Lately, I’ve been exploring artificial intelligence used to create music, separate instrumentals from songs, among other things. Because of that, I became interested in training my own AI, where the main idea is for it to receive an audio input (preferably vocals only) and transform the input voice into a fixed target voice.
I work in data science, but my focus has been mostly on natural language models, so I wanted to see if there’s anyone willing to give me some tips about the audio field, haha
What are the most commonly used models in this area?
When training the model, would it be ideal to generate a dataset with the target voice in various scenarios, or could I limit it to just a “spoken” dataset, for example?
If it’s text to voice, I think RVC2 is the most major one.

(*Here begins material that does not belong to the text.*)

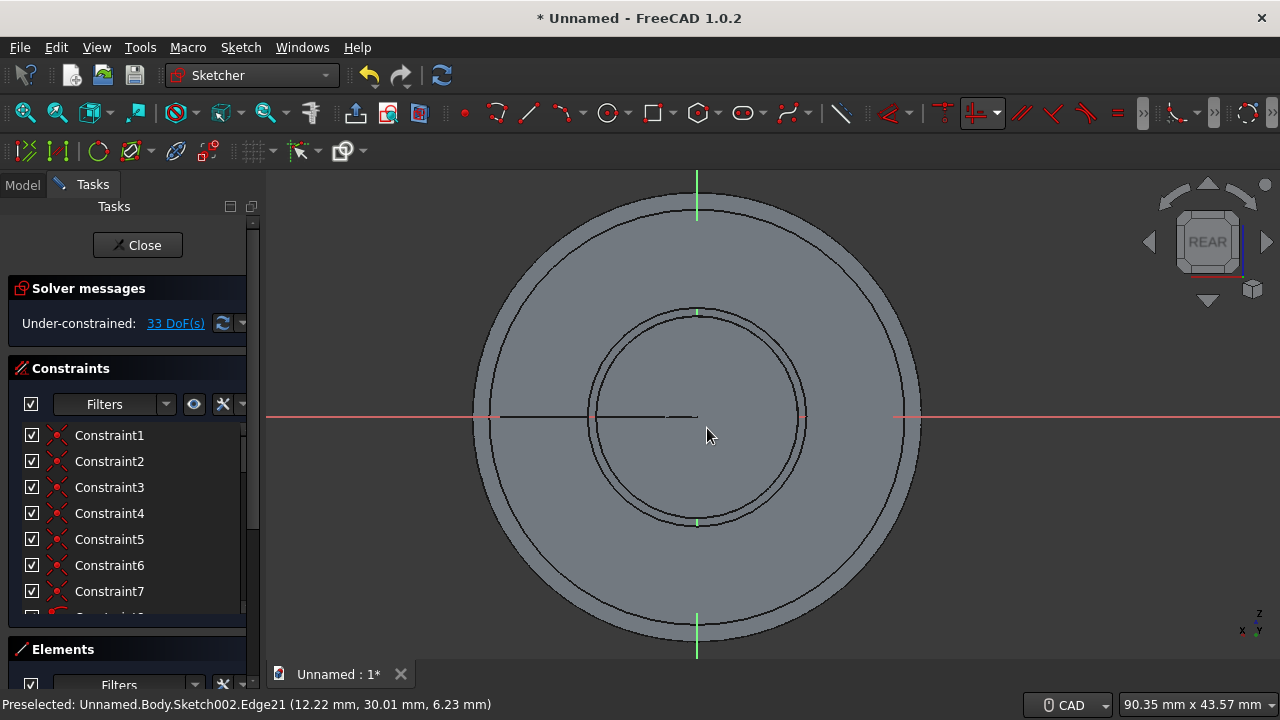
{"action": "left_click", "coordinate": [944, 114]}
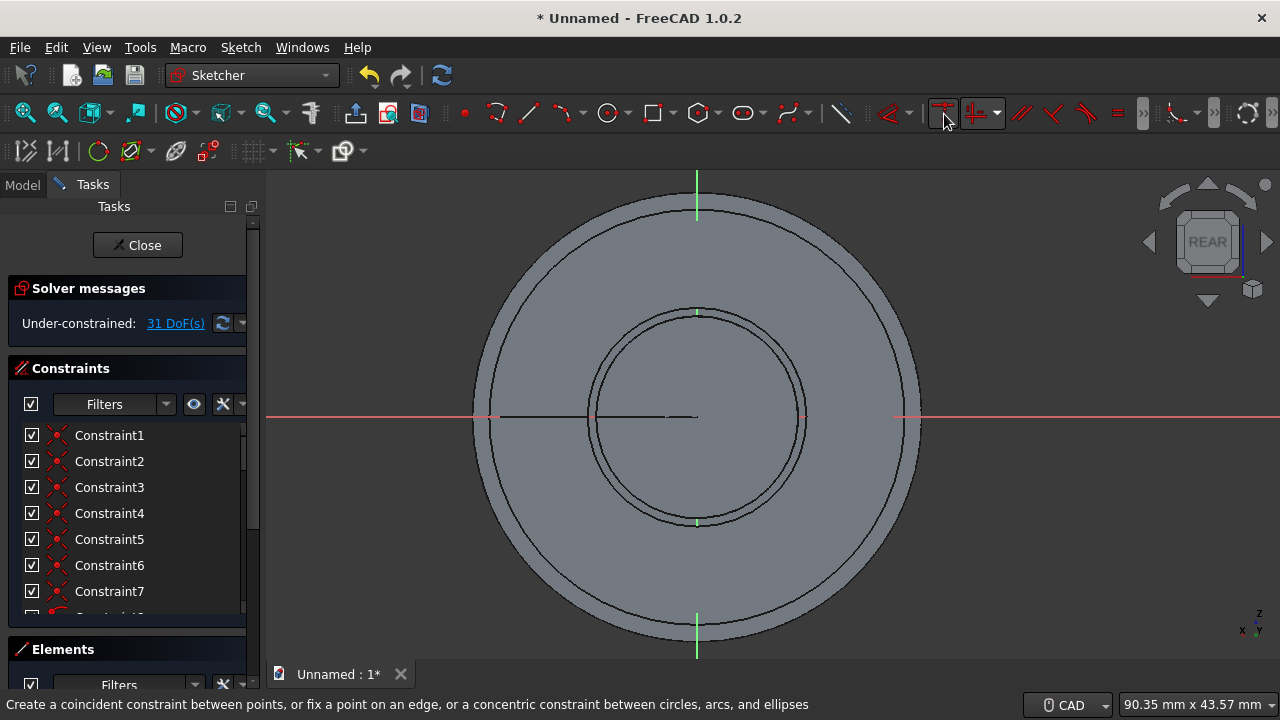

There are all sorts of resources on external sites.
I’m not too familiar with voice changer systems, but I think it’s in the collection. What’s the name of the model…?
Well, if you find a space with a similar purpose and look in requirements.txt, you should be able to find it.
But be aware that many of the voice-related libraries are from the last year. Build errors tend to occur quite often.
So, I’m not very familiar with voice-changing systems either. What I’m testing are online software tools, like Suno and Moises. From using them, I became interested in practicing some finetuning in this area.
And thank you very much for your response, @John6666
Now with all these places for me to check out, I’ll probably be able to explore a lot o/
I really appreciate it, this will definitely help!
And that guy, Suno, is out of this world. But getting something 30% close to that is already excellent.